Taking the derivative, we see that $$h(y) = \begin{cases} 0 & y \le 0 \\ \frac{f(\sqrt{y})+f(-\sqrt{y})}{2\sqrt{y}} & y > 0\end{cases}.$$
Then $$\int y h(y) \,dy = \int_0^\infty y(f(\sqrt{y})+f(-\sqrt{y}))\frac{1}{2\sqrt{y}}\,dy.$$ Letting $u=\sqrt{y}$, we have $du=\frac{1}{2\sqrt{y}}\,dy$ so $$\int y h(y) \,dy = \int_0^\infty u^2 (f(u)+f(-u))\,du=\int_{-\infty}^\infty u^2 f(u)\,du=E[X^2]$$
And the abstract approach
Let $(A,\Omega,\mu)$ be a probability space. A random variable on $A$ is a measurable function $f:A\to \Bbb{R}$. The random variable $Y=X^2$ on $A$ is simply the measurable function $a\mapsto f(a)^2$, the composite of $x\mapsto x^2$ with $f$. However, let's be a little more general. Let $g:\Bbb{R}\to \Bbb{R}$ be any continuous function on $\Bbb{R}$, and we can consider the random variable $Y=g(X)$, which is the function $g\circ f : A\to \Bbb{R}$.

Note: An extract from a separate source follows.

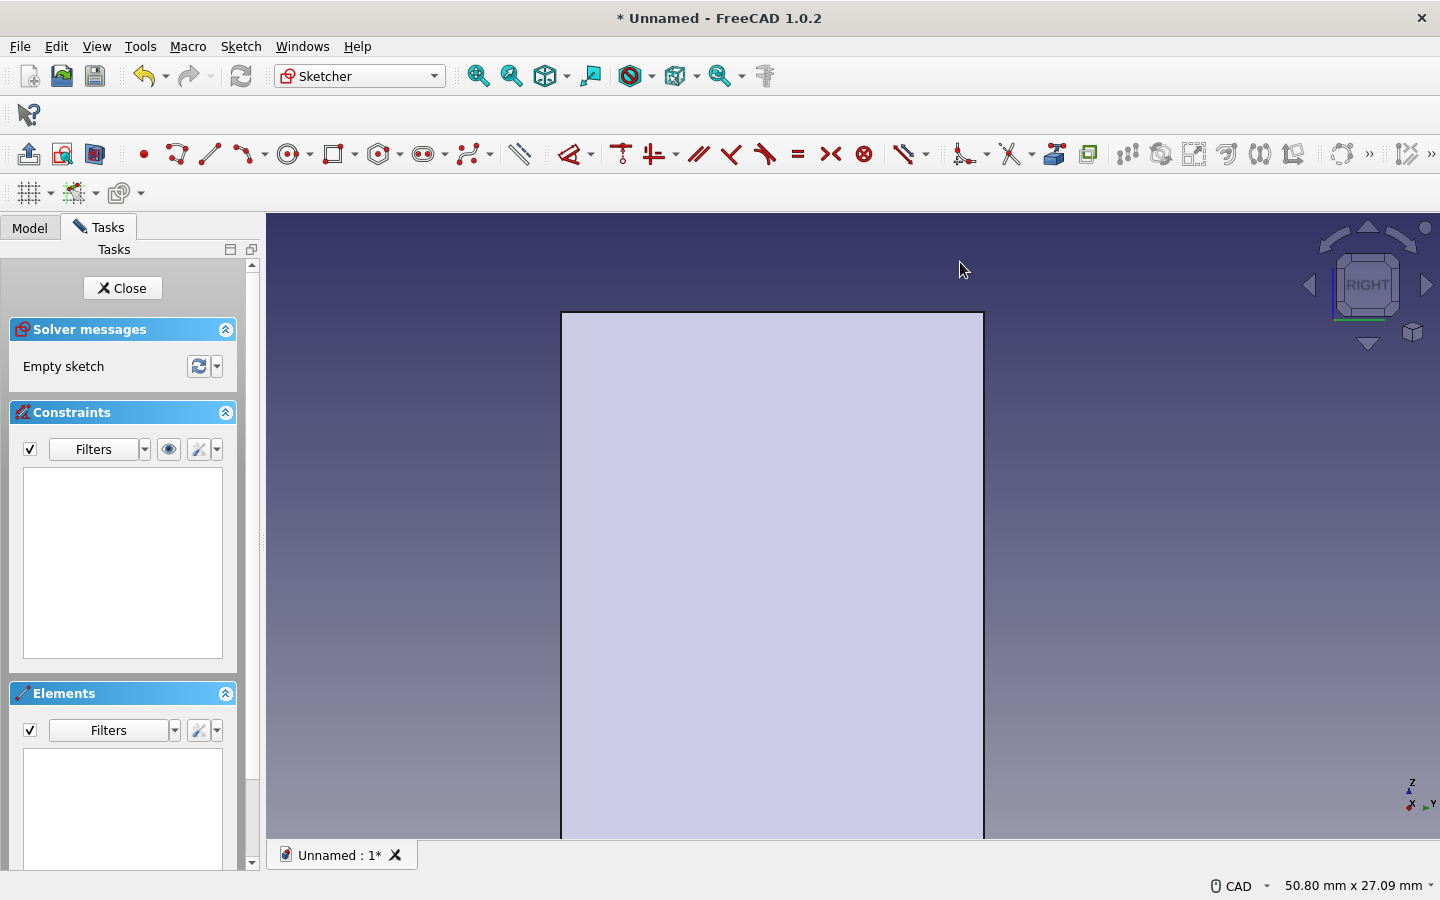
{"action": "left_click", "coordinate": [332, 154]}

Now we can take the pushforward $\mu$ along $f$ to get a measure $f_*\mu$ on $\Bbb{R}$ defined by $f_*\mu(E) = \mu(f^{-1}(E))$. If $f_*\mu$ is absolutely continuous with respect to Lebesgue measure, then its Radon-Nikodym derivative will be the pdf of $X$, but let's not think about distribution functions for now.
We now have a new measure space, $(\Bbb{R},\mathcal{B},f_*\mu)$. Since we obtained this space by pushing forwards $\mu$ along $f$, we see that the identity function on this new space determines the same random variable $X$, since the probability that $X$ ends up in some set $B\subseteq\Bbb{R}$, by definition originally was $\mu(f^{-1}(B)$, but this is $f_*\mu(\mathrm{id}^{-1}(B))$.
Similarly, $Y=g(X)$ will be described on this new space by simply the function $g:\Bbb{R}\to\Bbb{R}$.
The expected value of $Y$ is then $$\int g(x)\,f_*\mu(dx),$$ however, we can then pushforward $f_*\mu$ along $g$ to get $g_*f_*\mu$. This gives that the expected value of $Y$ is $$\int y\, g_*f_*\mu(dy).$$
Thus, rephrased in abstract language, the statement that you want is that these two values are equal, i.e. $$\int g(x)\,f_*\mu(dx)=\int y\,g_*f_*\mu(dy).$$
This is however, just a special case of change of variables, which says that $$\int j \circ k \,d\nu = \int j \,d k_*\nu,$$ with $j=\textrm{id}$, $k=g$, and $\nu=f_*\mu$.